SAND, Sybase IQ and Column-Based Databases
Several months ago a reader contacted me about about a new data warehousing technology he'd come across:
"Mark,
I have been reading a quite enthralling document (sounds nerdy I know), about how to actually achieve ROI on Data Warehousing.
The article is http://www.it-director.com/research.php?productid=748.
Its done by Bloor, and to be honest is really pitching you to use SAP. I'm not going to go there with that one, but I am interested in the concept. Just wanted to know if you heard of any similar such research by Oracle?
Particularly interesting was the discussion on Column Based Relational Databases."
I took a quick look at the article, which appeared to be a piece of work commissioned by SAND Technology Inc., on their new data warehousing technology. I'd heard of SAND being mentioned before but I didn't have any spare time at the time, so I mentally filed it away as "interesting" and didn't think much more of it.
I just happened to be going through some old notes though the other day and I came across the SAND paper again. I've actually taken a look through it now and I'd agree that it does in fact look interesting. What the paper talks about is a company, SAND Technology Inc., that has two products, SAND Searchable Archive and SAND Analytic Server, based on a development of a technology called Column-based Databases.

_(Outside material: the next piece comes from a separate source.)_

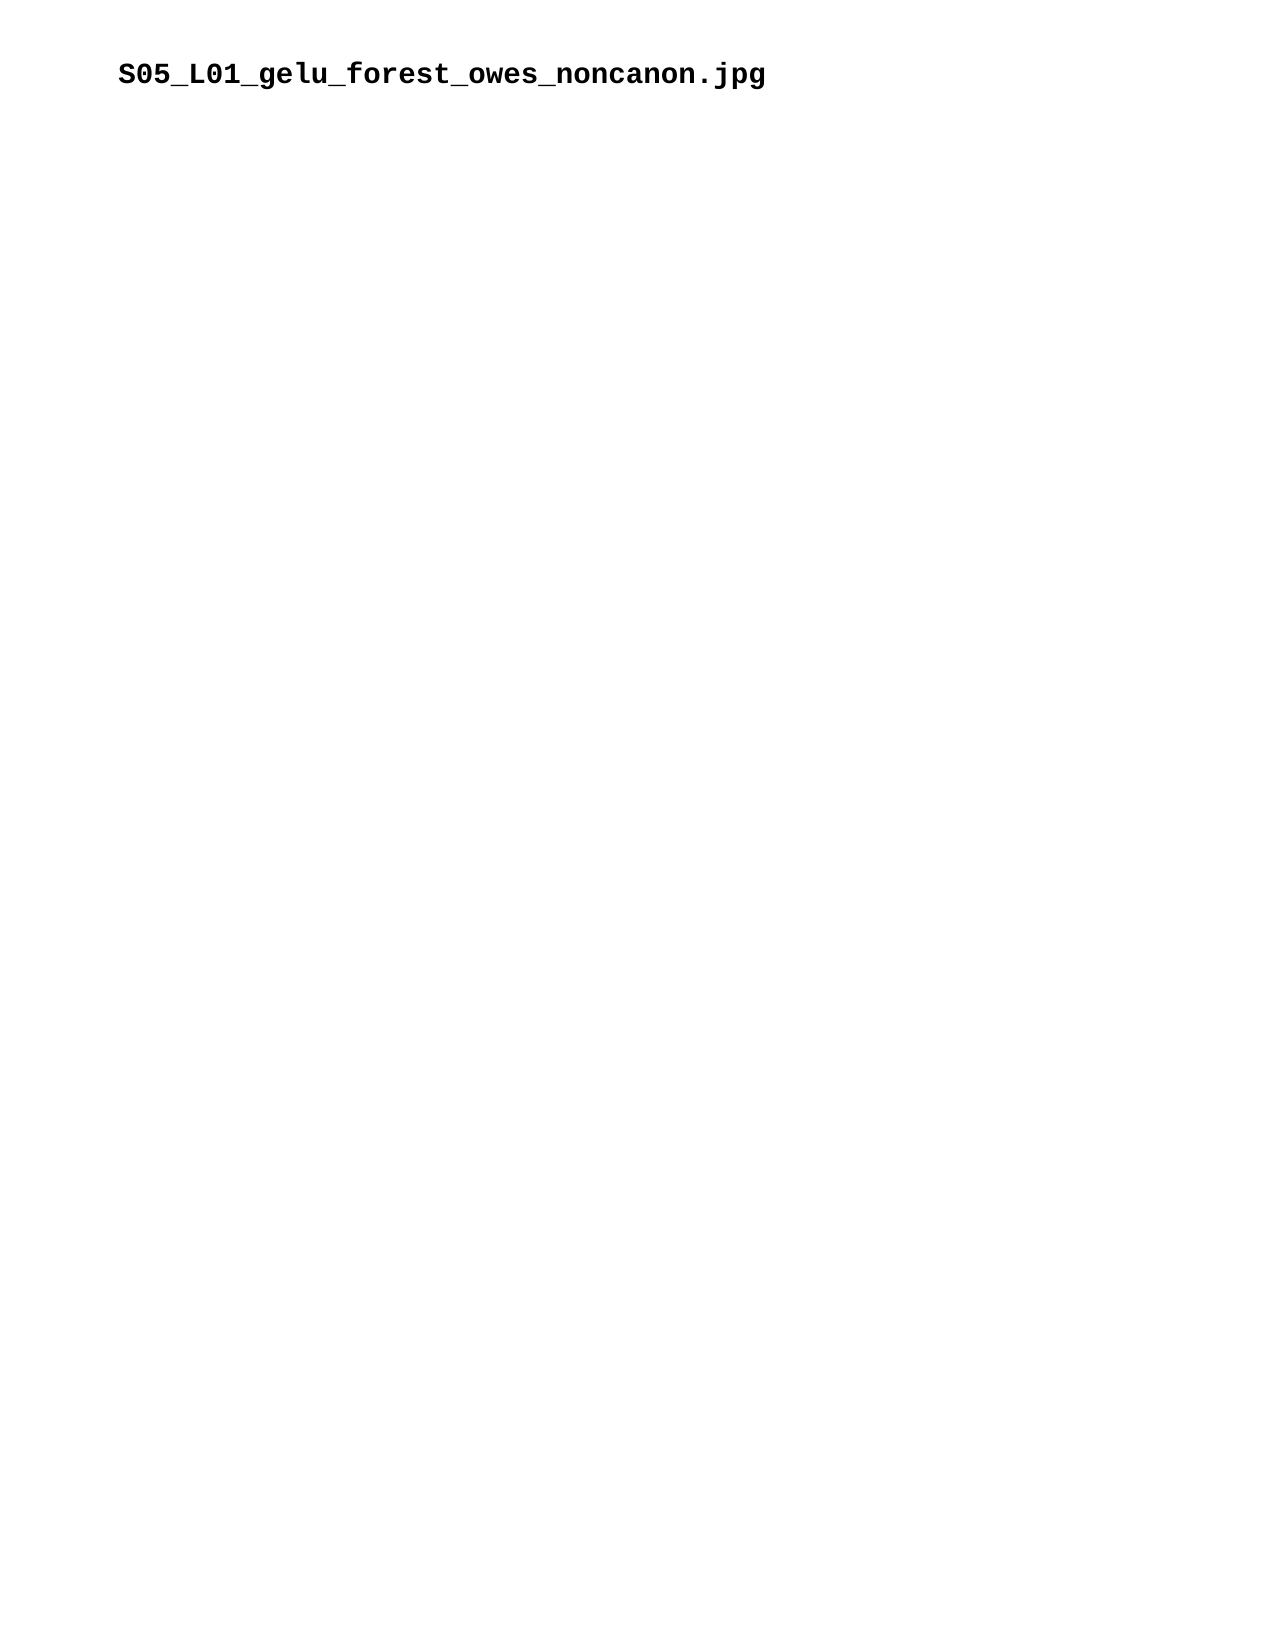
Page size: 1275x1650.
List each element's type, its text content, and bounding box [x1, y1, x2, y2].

subtitle S05_L01_gelu_forest_owes_noncanon.jpg [118, 59, 1216, 92]

To try and summarise the technology, instead of storing data in a row-based database (each row containing several columns, which often make up the elements of a transaction) it stores data "column-based". Each column represents one attribute, fact or whatever, with the benefits being that:
- A typical column-based query that accesses just a small number of columns will move around much smaller blocks of data than a row-based database, which has to bring back a whole row of data even for just couple of columns, and
- These column-tables are effectively self-indexing, as you store the data in the correct order for that particular column.
In addition, the SAND products also tokenize the data, replacing town names, product names and so forth with tokens, and compress it. SAND are pitching the product as a replacement for operational data stores, allowing you to keep lots of historic data online and available, quick to query but only taking up a tenth of the space of a row-based database.
Doing a quick google search it appears that Sybase have a similar product, called Sybase IQ. A bit like Oracle with Express, Sybase bought the technology back in the 90's and is now positioning it as a specialised query engine for DSS queries. Further looking around Google showed a number of smaller, niche vendors (often marketing consultancies) with column-based database products, typically used for marketing and sales analysis of datasets with many thousands of attributes.
Now I'd vaguely heard of column-based databases a few years ago, I think it was actually Nigel Pendse who mentioned it to me (although I could be mistaken). It was funny though having taken a look through the SAND and Sybase white papers to come across a technology that clearly was aimed at data warehousing applications that I'd not properly come across before. It's certainly not a technology that Oracle provide, and it's not an OLAP replacement, and I'm not trying to picture my head how it works - talking about column, rather than row, based databases is (to me, with my Oracle upbringing) a bit like talking about a situation where the normal rules of science are altered, so that you can move along the time dimension, but not left and right or up and down, if you see what I mean. I guess this is how OLAP must seem to relational people.
Anyway, I was wondering if any readers of this blog use either of these two products, or any other column-based databases? Any views on how they work, whether the benefit is indeed there? Also, it seems to me that you could build much the same thing in Oracle by creating individual Index-Organised Tables for each of the columns in your dataset, maybe tokenize the data yourself, and use Oracle's table compression feature; am I missing something here or would this be a similar solution? Any feedback or experiences would be very much appreciated. Also, thanks to Chris Balodis for the original email.